While flipping through daytime television channels recently, I caught the last words of Ellen DeGeneres swearing to give up fish. She had just interviewed Captain Dave Anderson, who recently untangled a gray whale, a sea lion and other bycatch from a fishing net. In addition to the issue of bycatch, unsustainable fishing methods have resulted in 85% of the world’s fisheries being at-capacity or overfished. With an increasing focus on health these days, many of us have sworn to eat more fish, and have started taking fish oil as a daily supplement. While both may be beneficial to our health, I wonder what the impact of increased seafood consumption is on the health of the oceans?
First, how does the seafood get to our plate? The two most common methods of commercial fishing are purse seine nets (25%) and trawling (54%). Purse seines are used to catch skipjack tuna (the kind you usually see in the grocery store in cans). They use a large net that surrounds schools of fish, then pulls together at the bottom like a string bag. Some commercial fisheries also use fish aggregating devices (FADS) with these nets as a way to lure a large number of fish, but which also attracts other ocean dwellers and results in a high percentage of bycatch as well. Trawling, which uses nets that are sometimes as large as a football field, similarly has problems with a large amount of bycatch due to its indiscriminate nature. Imagine the loss to the diversity of species with 100 million sharks and rays and 300,000 whales, porpoises and dolphins trapped in nets each year. Also imagine a huge trawling net dragging the sea floor, scraping up everything in its path – sponges, starfish, coral, anemones, turtles, and other sea life. Many are dumped back in the sea, but often do not survive their injuries. Although still a huge problem, some technological fixes have emerged to aid in reducing bycatch, like turtle exclusion devices, and devices that emit a sound to warn of impending nets.
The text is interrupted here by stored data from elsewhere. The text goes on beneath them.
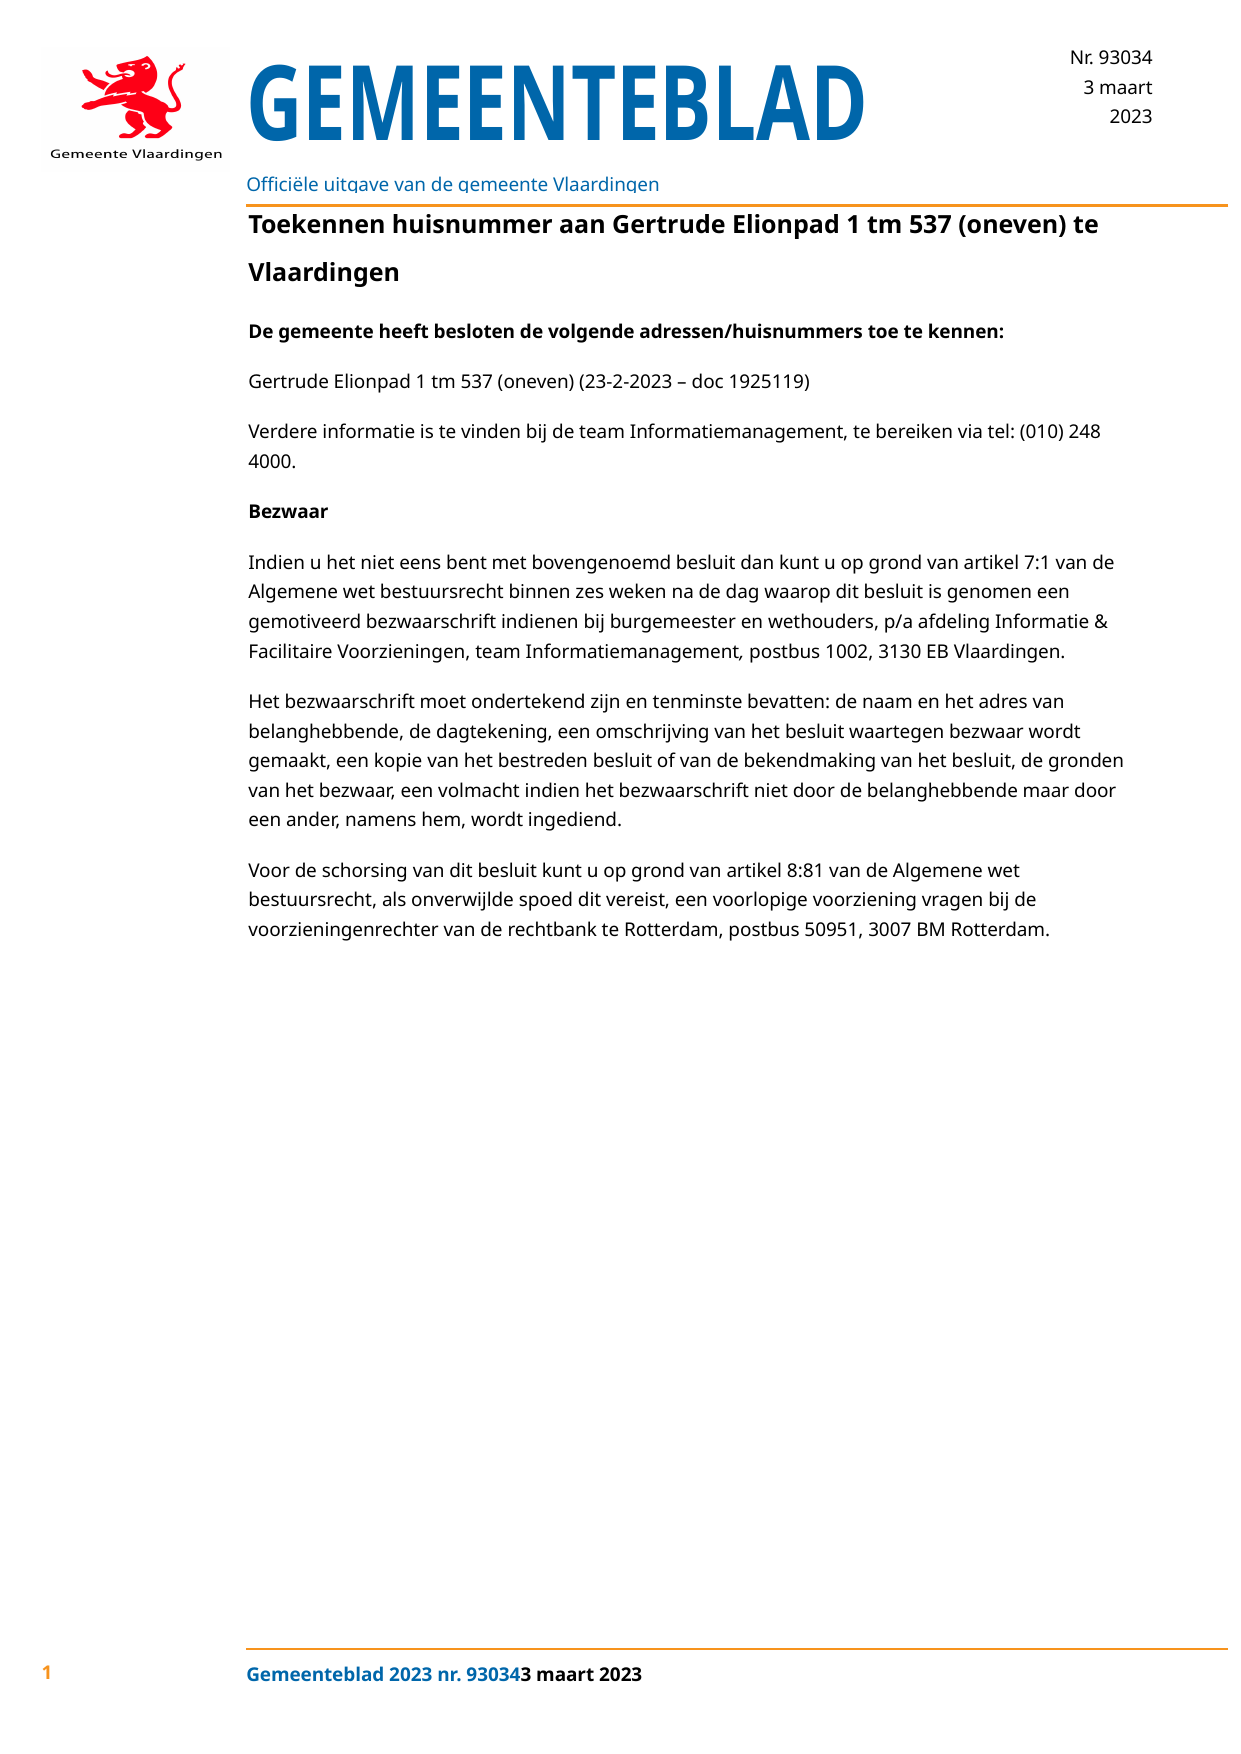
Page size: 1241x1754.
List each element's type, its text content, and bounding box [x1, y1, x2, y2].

text Voor de schorsing van dit besluit kunt u op grond van artikel 8:81 van de Algemene wet bestuursrecht, als onverwijlde spoed dit vereist, een voorlopige voorziening vragen bij de voorzieningenrechter van de rechtbank te Rotterdam, postbus 50951, 3007 BM Rotterdam. [248, 857, 1152, 942]
text De gemeente heeft besloten de volgende adressen/huisnummers toe te kennen: [248, 318, 1152, 344]
text Verdere informatie is te vinden bij de team Informatiemanagement, te bereiken via tel: (010) 248 4000. [248, 419, 1152, 474]
text Gertrude Elionpad 1 tm 537 (oneven) (23-2-2023 – doc 1925119) [248, 368, 1152, 394]
text Het bezwaarschrift moet ondertekend zijn en tenminste bevatten: de naam en het adres van belanghebbende, de dagtekening, een omschrijving van het besluit waartegen bezwaar wordt gemaakt, een kopie van het bestreden besluit of van de bekendmaking van het besluit, de gronden van het bezwaar, een volmacht indien het bezwaarschrift niet door de belanghebbende maar door een ander, namens hem, wordt ingediend. [248, 688, 1152, 832]
text Indien u het niet eens bent met bovengenoemd besluit dan kunt u op grond van artikel 7:1 van de Algemene wet bestuursrecht binnen zes weken na de dag waarop dit besluit is genomen een gemotiveerd bezwaarschrift indienen bij burgemeester en wethouders, p/a afdeling Informatie & Facilitaire Voorzieningen, team Informatiemanagement, postbus 1002, 3130 EB Vlaardingen. [248, 549, 1152, 664]
picture [41, 47, 231, 172]
text Bezwaar [248, 499, 1152, 524]
text Toekennen huisnummer aan Gertrude Elionpad 1 tm 537 (oneven) te Vlaardingen [248, 207, 1152, 288]
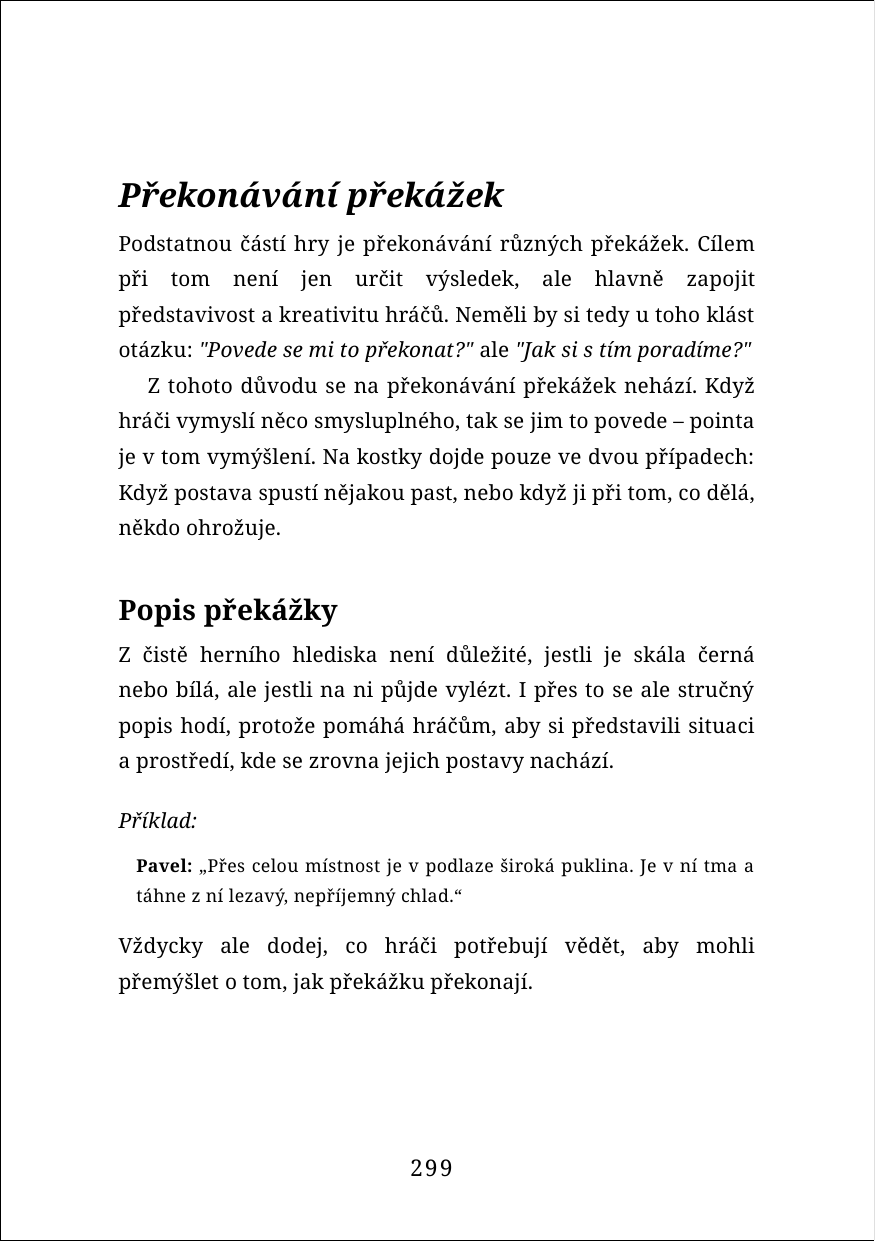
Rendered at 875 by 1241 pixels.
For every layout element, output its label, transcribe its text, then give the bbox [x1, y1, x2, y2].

text Z čistě herního hlediska není důležité, jestli je skála černá nebo bílá, ale jestli na ni půjde vylézt. I přes to se ale stručný popis hodí, protože pomáhá hráčům, aby si představili situaci a prostředí, kde se zrovna jejich postavy nachází. [118, 640, 756, 775]
text Příklad: [118, 806, 756, 834]
text Podstatnou částí hry je překonávání různých překážek. Cílem při tom není jen určit výsledek, ale hlavně zapojit představivost a kreativitu hráčů. Neměli by si tedy u toho klást otázku: "Povede se mi to překonat?" ale "Jak si s tím poradíme?" Z tohoto důvodu se na překonávání překážek nehází. Když hráči vymyslí něco smysluplného, tak se jim to povede – pointa je v tom vymýšlení. Na kostky dojde pouze ve dvou případech: Když postava spustí nějakou past, nebo když ji při tom, co dělá, někdo ohrožuje. [118, 229, 756, 542]
text Pavel: „Přes celou místnost je v podlaze široká puklina. Je v ní tma a táhne z ní lezavý, nepříjemný chlad.“ [136, 853, 756, 907]
subtitle Popis překážky [118, 590, 756, 628]
text Vždycky ale dodej, co hráči potřebují vědět, aby mohli přemýšlet o tom, jak překážku překonají. [118, 931, 756, 995]
subtitle Překonávání překážek [118, 172, 756, 217]
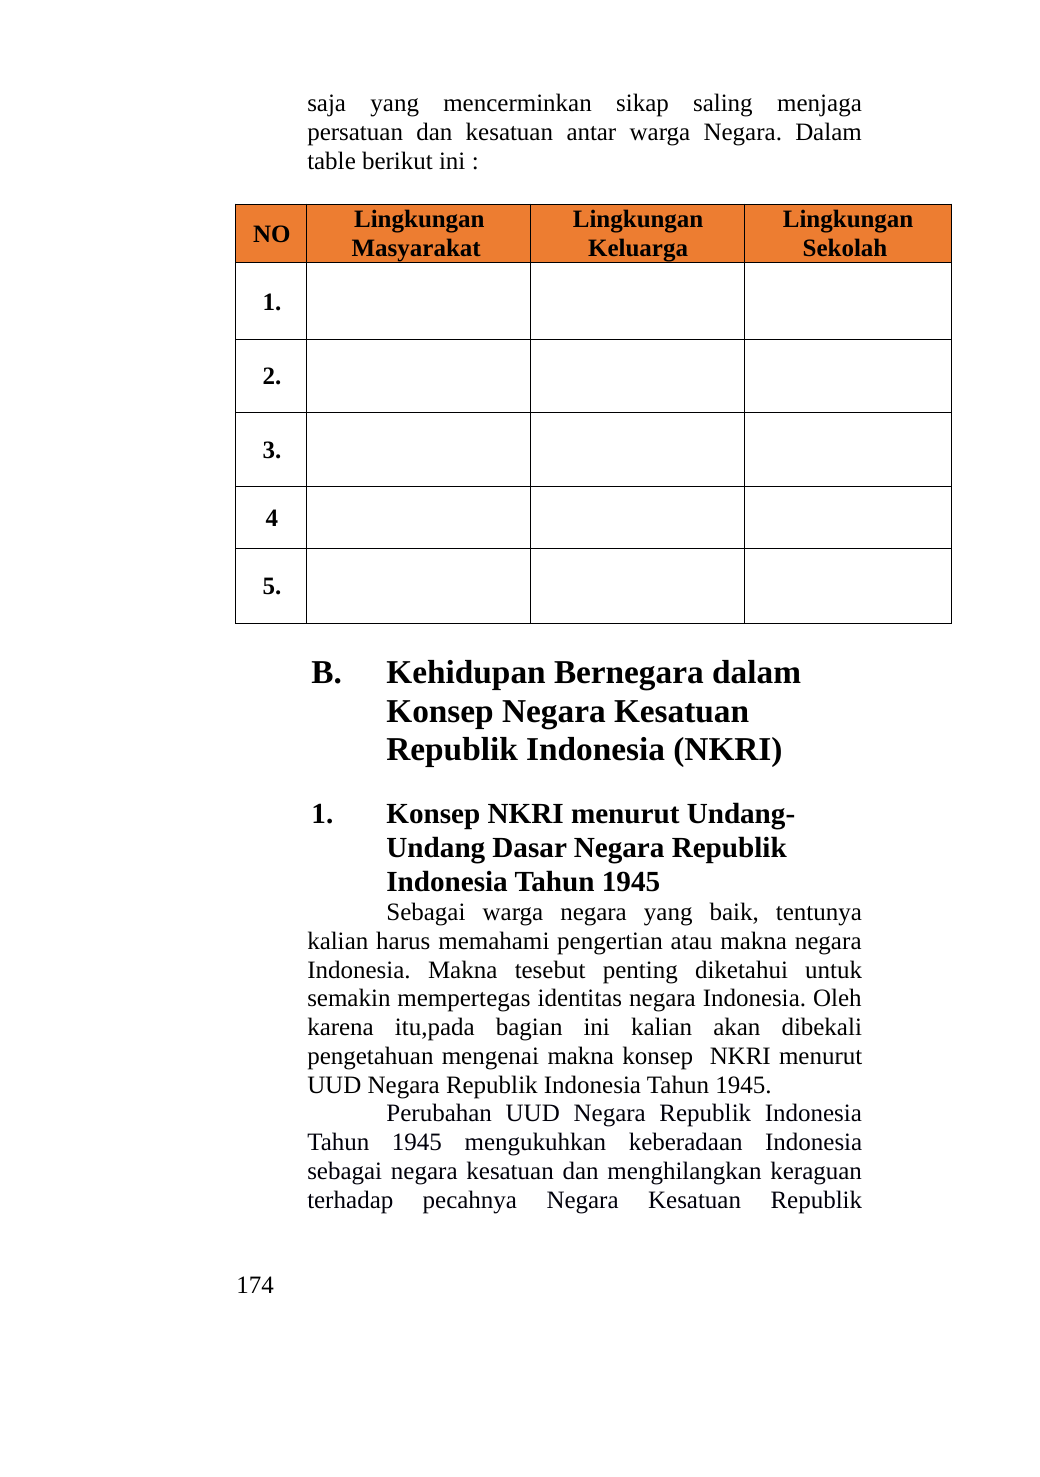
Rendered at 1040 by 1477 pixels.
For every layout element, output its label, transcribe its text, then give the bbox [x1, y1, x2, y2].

table_cell 4 [236, 487, 306, 547]
table_cell [307, 263, 530, 339]
table_cell [307, 549, 530, 623]
text saja yang mencerminkan sikap saling menjaga persatuan dan kesatuan antar warga Negara. Dalam table berikut ini : [307, 88, 862, 175]
table_header Lingkungan Sekolah [745, 205, 951, 262]
table_cell [531, 413, 744, 486]
table_cell [531, 549, 744, 623]
table_cell [531, 487, 744, 547]
table_cell [307, 413, 530, 486]
table_header Lingkungan Masyarakat [307, 205, 530, 262]
table_cell [745, 549, 951, 623]
table_cell [531, 340, 744, 412]
table_header NO [236, 205, 306, 262]
table_cell [745, 340, 951, 412]
table_cell [745, 487, 951, 547]
table_cell [745, 413, 951, 486]
table_cell 3. [236, 413, 306, 486]
table_cell 5. [236, 549, 306, 623]
text Sebagai warga negara yang baik, tentunya kalian harus memahami pengertian atau makna negara Indonesia. Makna tesebut penting diketahui untuk semakin mempertegas identitas negara Indonesia. Oleh karena itu,pada bagian ini kalian akan dibekali pengetahuan mengenai makna konsep NKRI menurut UUD Negara Republik Indonesia Tahun 1945. [307, 897, 862, 1098]
table_cell [531, 263, 744, 339]
table_cell [307, 340, 530, 412]
table_cell [307, 487, 530, 547]
text Perubahan UUD Negara Republik Indonesia Tahun 1945 mengukuhkan keberadaan Indonesia sebagai negara kesatuan dan menghilangkan keraguan terhadap pecahnya Negara Kesatuan Republik [307, 1098, 862, 1213]
table_cell 2. [236, 340, 306, 412]
table_header Lingkungan Keluarga [531, 205, 744, 262]
list B. Kehidupan Bernegara dalam Konsep Negara Kesatuan Republik Indonesia (NKRI) [274, 653, 862, 768]
table_cell [745, 263, 951, 339]
list 1. Konsep NKRI menurut Undang- Undang Dasar Negara Republik Indonesia Tahun 1945 [274, 797, 862, 897]
table_cell 1. [236, 263, 306, 339]

Also, some nets have “escape hatches” where some animals can break through to be released. Nevertheless, we need a full commitment to solving bycatch problems if we are going to save the diverse species that we enjoy in our oceans today.
Some people think that aquaculture, or aquatic farming, is the answer. Right now over 100 species are currently being farmed, providing 50% of seafood to U.S. consumers alone. Farming methods vary by country, but often include open net pens for salmon, ponds for shrimp, catfish and tilapia, and raceways for fish like rainbow trout in the U.S. While aquaculture can take the pressure off the oceans, it has its own set of problems. Two of the main issues are that often the fish being raised are fish-eaters themselves, and are being fed wild fish – putting even more pressure on the oceans. For example, it takes 3 pounds of wild fish to feed 1 pound of farmed salmon! Additionally, there is a great deal of water pollution that affects the rest of the nearby ecosystem and also the problem of competition for habitat, as mangrove forests are cut down to make way for shrimp farms, or farms are placed in natural pathways for other fish migrations.
What to do? First, let’s give kudos to those who are committed to sustainable fishing:
- One of the most unique U.S. seafood markets, known for literally chucking fish to customers, Pike Place Seafood Market in Seattle, sells only 100% sustainable seafood! They are now partners with the Monterey Bay Aquarium Seafood Watch program, and are committed to ensuring the health of the oceans for the future.
- Greenpeace ranks supermarkets on their sustainable seafood practices and tracks their efforts to continuously improve the sustainability of their offerings. Hats off to Whole Foods and Safeway for their high rankings! Half of seafood purchases are made at supermarkets, so there is a huge opportunity for purchaser power to be utilized to encourage sustainable brands. One of the biggest sellers in the world, canned tuna, also has one of the biggest sustainability problems. Whole Foods sells its own sustainable tuna brand, and does not sell any seafood that is on the Red List – including orange roughy, bluefin tuna, Chilean sea bass, grouper and shark. We also applaud Costco, A&P and Trader Joe's who are working hard to improve their sustainability each year, but hope others like Kroger will follow their lead. We can show our support by redirecting our dollars to companies doing good things to push for others to follow their lead.
To find out how sustainable seafood is defined and to make good decisions on which seafood to purchase, check out these great resources:
- Avoid Red List species to steer clear of endangered and overfished species.
- Find out where to buy certified sustainable fish or seafood in your area by using the Marine Stewardship Council’s product finder for your area or get a pocket guide.
- Check out the SuperGreen List that points you to seafood that is healthy for both you and the ocean.
- Look for the Sustainable Seafood certification label when you purchase seafood.
The ultimate solution will be a combination of government regulations, industry standards, and suppliers’ and retailers’ commitments to supporting sustainable fishing and the health of our oceans. Most importantly, each of us has an opportunity to influence consumer trends by showing our support for restaurants and markets committed to sustainable seafood.